*BRIEF*
Output exactly the lines below, starting with the line that has "arc A4 (49.04, 63.7734)" and going on through the line that has "arc A12 (-49.04, -63.7734)", both included, and no other lines.

*DATA FOR THE TASK*
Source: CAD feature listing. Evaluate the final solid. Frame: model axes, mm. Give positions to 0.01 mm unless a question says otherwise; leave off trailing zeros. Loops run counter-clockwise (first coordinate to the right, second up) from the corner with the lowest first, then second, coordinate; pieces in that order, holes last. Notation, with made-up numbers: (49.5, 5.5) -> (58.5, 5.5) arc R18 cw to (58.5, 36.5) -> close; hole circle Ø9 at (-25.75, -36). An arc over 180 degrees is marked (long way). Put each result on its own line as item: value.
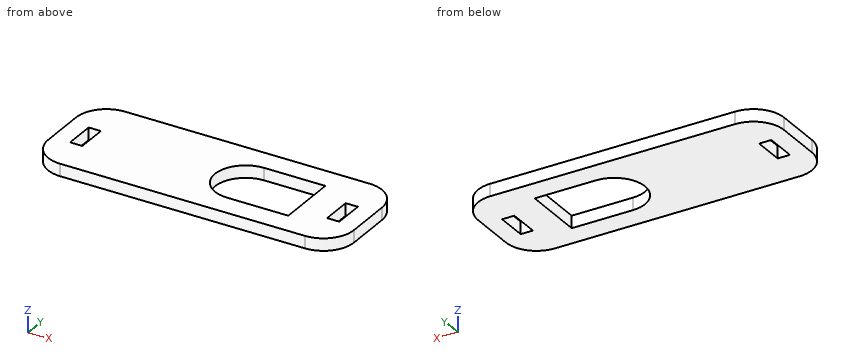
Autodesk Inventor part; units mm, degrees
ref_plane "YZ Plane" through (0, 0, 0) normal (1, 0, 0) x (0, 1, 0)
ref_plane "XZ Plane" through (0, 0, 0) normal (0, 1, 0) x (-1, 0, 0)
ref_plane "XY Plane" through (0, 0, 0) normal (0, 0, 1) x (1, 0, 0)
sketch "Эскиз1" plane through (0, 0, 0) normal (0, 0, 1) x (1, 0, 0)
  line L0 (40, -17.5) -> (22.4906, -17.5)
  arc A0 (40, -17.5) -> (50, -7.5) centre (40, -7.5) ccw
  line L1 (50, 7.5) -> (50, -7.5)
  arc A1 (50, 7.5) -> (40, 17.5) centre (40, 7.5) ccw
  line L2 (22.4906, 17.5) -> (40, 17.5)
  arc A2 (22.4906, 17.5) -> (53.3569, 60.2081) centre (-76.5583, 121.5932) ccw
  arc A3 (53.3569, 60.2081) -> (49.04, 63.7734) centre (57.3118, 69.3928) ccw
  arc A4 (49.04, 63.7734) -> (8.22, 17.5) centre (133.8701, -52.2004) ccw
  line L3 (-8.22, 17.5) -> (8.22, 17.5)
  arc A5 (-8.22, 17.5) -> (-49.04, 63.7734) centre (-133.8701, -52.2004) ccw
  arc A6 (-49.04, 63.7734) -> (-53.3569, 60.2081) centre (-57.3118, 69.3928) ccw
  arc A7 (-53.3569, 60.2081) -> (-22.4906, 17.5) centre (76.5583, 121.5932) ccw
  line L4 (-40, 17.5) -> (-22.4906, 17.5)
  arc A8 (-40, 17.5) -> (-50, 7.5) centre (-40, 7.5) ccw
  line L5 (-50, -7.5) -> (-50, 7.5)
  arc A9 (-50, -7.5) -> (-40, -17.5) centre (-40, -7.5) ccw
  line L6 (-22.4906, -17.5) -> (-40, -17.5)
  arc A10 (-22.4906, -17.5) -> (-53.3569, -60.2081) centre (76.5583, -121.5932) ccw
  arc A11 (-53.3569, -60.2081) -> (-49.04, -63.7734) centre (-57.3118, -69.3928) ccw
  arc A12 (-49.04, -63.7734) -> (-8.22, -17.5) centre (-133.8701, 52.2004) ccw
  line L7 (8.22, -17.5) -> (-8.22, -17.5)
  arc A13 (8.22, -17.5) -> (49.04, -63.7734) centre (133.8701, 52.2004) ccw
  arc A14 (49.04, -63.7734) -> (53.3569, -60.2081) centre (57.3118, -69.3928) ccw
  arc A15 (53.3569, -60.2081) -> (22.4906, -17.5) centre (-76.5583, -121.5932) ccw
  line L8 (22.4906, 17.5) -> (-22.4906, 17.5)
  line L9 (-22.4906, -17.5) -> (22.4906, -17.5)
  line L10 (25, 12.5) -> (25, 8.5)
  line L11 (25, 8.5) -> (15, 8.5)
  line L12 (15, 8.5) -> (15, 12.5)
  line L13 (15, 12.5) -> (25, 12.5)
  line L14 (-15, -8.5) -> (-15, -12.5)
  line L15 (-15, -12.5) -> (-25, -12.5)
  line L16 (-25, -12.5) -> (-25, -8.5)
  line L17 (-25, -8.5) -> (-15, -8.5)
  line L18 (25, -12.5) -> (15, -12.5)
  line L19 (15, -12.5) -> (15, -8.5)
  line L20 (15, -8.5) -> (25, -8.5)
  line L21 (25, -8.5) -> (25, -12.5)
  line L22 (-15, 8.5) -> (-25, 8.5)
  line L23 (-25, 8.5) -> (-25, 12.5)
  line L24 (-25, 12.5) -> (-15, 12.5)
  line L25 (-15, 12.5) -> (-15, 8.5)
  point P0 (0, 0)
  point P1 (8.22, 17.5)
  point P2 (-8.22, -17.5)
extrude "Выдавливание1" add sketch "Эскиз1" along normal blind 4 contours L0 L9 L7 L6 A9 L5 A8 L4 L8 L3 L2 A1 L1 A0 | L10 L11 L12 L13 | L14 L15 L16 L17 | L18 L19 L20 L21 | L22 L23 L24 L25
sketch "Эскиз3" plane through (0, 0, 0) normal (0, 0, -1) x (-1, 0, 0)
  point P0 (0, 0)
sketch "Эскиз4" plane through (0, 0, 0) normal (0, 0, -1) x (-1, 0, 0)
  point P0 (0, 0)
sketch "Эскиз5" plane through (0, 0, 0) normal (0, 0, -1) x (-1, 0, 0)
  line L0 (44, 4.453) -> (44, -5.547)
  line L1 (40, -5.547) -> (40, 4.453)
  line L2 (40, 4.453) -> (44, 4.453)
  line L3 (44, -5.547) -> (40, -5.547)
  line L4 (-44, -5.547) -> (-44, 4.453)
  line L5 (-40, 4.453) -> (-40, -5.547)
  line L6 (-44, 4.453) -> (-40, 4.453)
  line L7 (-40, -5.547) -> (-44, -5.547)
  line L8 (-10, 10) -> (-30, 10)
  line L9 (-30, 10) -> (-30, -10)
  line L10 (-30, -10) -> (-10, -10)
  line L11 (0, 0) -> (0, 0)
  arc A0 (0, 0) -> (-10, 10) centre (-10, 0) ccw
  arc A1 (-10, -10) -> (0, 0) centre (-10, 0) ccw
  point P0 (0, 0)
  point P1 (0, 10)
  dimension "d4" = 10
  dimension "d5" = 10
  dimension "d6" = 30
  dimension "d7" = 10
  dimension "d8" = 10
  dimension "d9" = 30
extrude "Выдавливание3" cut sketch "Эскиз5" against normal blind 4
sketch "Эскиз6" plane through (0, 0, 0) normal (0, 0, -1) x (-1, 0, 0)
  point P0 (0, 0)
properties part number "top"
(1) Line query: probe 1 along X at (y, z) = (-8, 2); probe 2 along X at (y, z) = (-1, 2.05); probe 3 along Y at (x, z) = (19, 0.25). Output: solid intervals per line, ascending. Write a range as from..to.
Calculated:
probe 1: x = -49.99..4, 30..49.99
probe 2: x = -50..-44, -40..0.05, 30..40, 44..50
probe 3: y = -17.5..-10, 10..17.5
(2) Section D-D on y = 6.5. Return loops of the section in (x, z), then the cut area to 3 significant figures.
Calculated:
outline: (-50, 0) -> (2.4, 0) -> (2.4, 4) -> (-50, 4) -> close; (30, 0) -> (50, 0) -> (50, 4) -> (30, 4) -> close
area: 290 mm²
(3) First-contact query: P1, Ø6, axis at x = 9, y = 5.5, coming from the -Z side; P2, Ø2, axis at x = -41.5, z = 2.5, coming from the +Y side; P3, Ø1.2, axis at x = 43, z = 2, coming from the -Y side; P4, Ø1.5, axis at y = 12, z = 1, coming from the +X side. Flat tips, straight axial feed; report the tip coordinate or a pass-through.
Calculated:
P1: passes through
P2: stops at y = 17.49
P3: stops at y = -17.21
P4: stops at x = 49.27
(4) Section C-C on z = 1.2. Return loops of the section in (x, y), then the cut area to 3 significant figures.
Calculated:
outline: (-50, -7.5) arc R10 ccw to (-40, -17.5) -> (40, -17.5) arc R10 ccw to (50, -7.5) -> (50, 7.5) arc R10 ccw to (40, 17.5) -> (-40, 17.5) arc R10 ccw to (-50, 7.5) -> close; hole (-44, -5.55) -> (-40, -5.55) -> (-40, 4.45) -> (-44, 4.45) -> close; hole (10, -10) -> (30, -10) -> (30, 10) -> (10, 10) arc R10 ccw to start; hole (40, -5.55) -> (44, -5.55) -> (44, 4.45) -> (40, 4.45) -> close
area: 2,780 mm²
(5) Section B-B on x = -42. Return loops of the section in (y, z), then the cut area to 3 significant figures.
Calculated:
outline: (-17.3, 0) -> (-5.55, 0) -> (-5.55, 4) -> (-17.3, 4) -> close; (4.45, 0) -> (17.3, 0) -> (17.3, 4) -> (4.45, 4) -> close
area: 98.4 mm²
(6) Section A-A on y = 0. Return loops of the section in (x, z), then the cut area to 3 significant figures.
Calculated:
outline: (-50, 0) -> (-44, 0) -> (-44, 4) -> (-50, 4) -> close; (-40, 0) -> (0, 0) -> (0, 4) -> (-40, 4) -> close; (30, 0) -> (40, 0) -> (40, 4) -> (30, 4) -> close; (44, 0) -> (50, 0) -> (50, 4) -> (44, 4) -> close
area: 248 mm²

*TASK OUTPUT*
  arc A4 (49.04, 63.7734) -> (8.22, 17.5) centre (133.8701, -52.2004) ccw
  line L3 (-8.22, 17.5) -> (8.22, 17.5)
  arc A5 (-8.22, 17.5) -> (-49.04, 63.7734) centre (-133.8701, -52.2004) ccw
  arc A6 (-49.04, 63.7734) -> (-53.3569, 60.2081) centre (-57.3118, 69.3928) ccw
  arc A7 (-53.3569, 60.2081) -> (-22.4906, 17.5) centre (76.5583, 121.5932) ccw
  line L4 (-40, 17.5) -> (-22.4906, 17.5)
  arc A8 (-40, 17.5) -> (-50, 7.5) centre (-40, 7.5) ccw
  line L5 (-50, -7.5) -> (-50, 7.5)
  arc A9 (-50, -7.5) -> (-40, -17.5) centre (-40, -7.5) ccw
  line L6 (-22.4906, -17.5) -> (-40, -17.5)
  arc A10 (-22.4906, -17.5) -> (-53.3569, -60.2081) centre (76.5583, -121.5932) ccw
  arc A11 (-53.3569, -60.2081) -> (-49.04, -63.7734) centre (-57.3118, -69.3928) ccw
  arc A12 (-49.04, -63.7734) -> (-8.22, -17.5) centre (-133.8701, 52.2004) ccw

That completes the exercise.